Look through the data below and, wherever a line carries the word "each", please copy that line.

*** Available records Section Begins ***

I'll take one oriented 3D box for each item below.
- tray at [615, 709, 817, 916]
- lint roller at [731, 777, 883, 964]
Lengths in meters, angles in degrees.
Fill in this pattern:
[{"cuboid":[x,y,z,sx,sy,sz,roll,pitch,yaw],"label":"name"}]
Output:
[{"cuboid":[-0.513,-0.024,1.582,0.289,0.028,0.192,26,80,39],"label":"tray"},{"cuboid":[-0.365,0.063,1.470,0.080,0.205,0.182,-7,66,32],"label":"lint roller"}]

*** Available records Section Ends ***
*** Available records Section Begins ***

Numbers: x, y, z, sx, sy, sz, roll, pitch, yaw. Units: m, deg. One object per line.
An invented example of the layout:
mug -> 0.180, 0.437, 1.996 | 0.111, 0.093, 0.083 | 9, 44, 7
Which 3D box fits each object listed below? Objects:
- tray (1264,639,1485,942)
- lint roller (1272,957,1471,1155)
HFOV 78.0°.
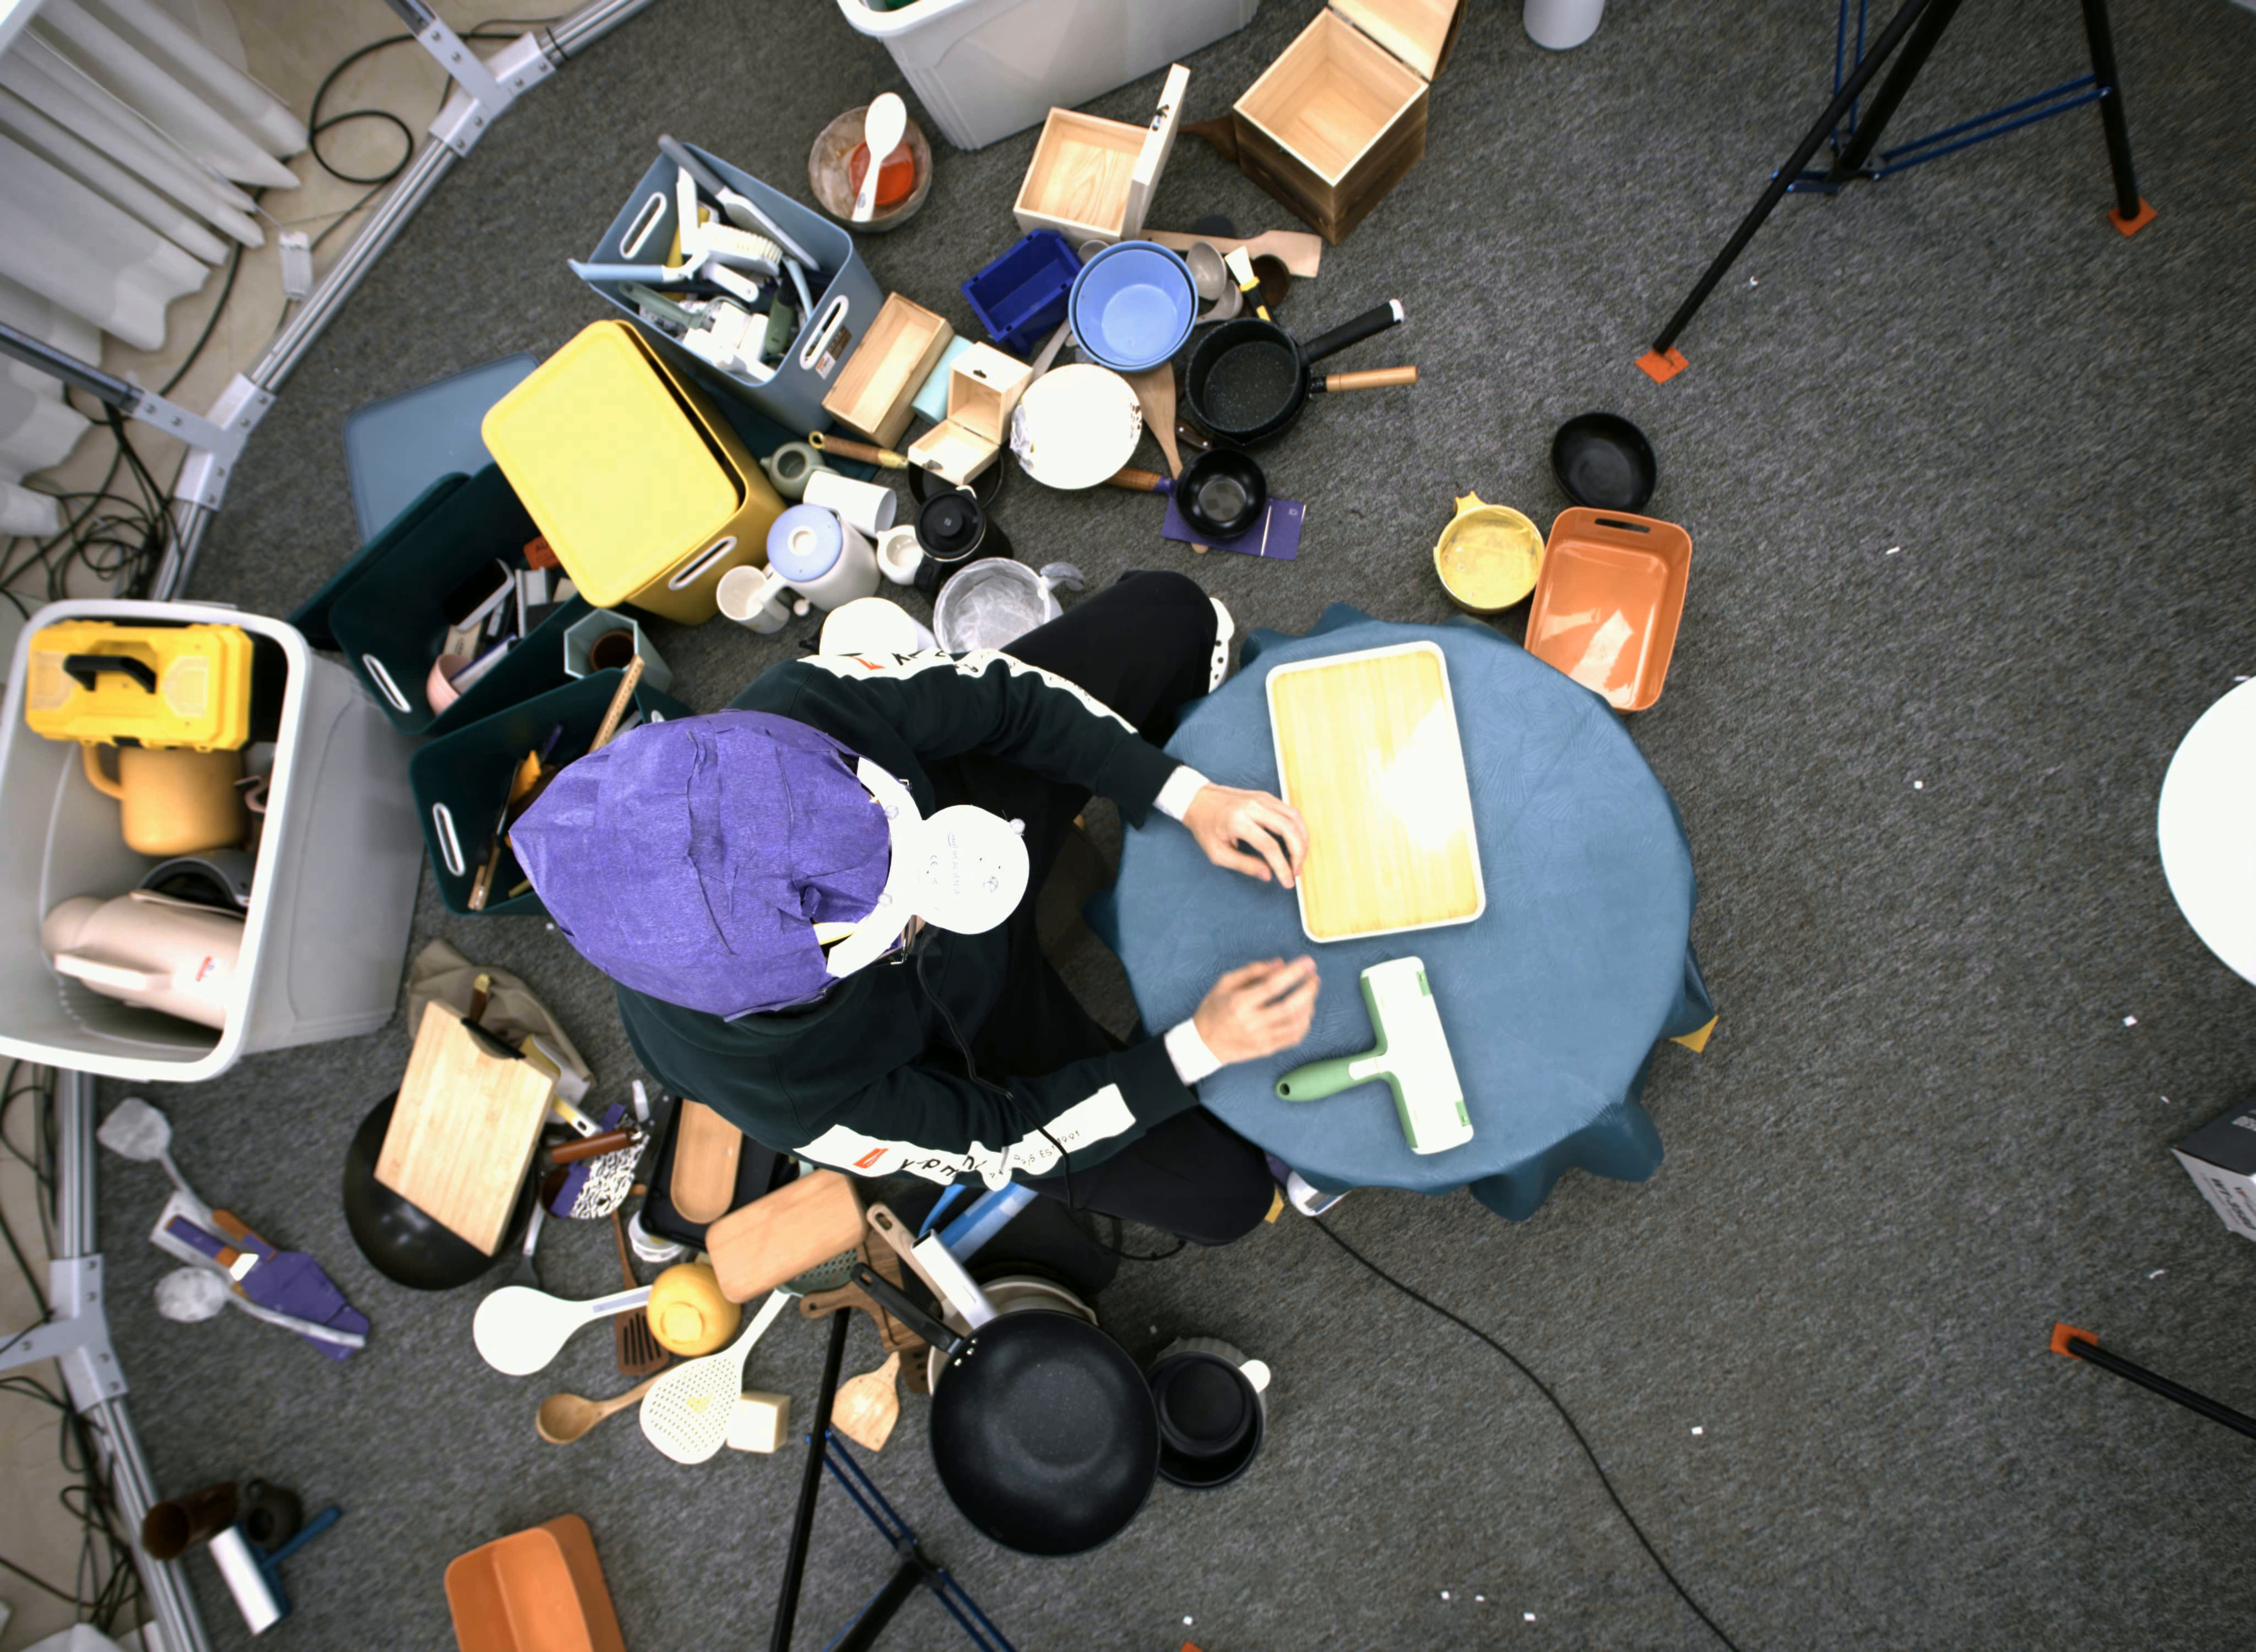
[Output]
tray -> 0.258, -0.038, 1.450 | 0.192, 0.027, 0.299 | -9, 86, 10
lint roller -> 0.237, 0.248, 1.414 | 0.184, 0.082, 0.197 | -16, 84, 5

*** Available records Section Ends ***
*** Available records Section Begins ***

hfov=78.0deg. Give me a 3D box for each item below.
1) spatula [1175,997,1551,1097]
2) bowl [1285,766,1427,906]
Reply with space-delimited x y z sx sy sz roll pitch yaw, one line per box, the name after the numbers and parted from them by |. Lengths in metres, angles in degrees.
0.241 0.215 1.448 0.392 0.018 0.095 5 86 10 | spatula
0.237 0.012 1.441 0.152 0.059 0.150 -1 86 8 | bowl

*** Available records Section Ends ***

Answer >>
I'll take one oriented 3D box for each item below.
Which 3D box fits each object listed below? Objects:
hfov=78.0deg. Give me a 3D box for each item below.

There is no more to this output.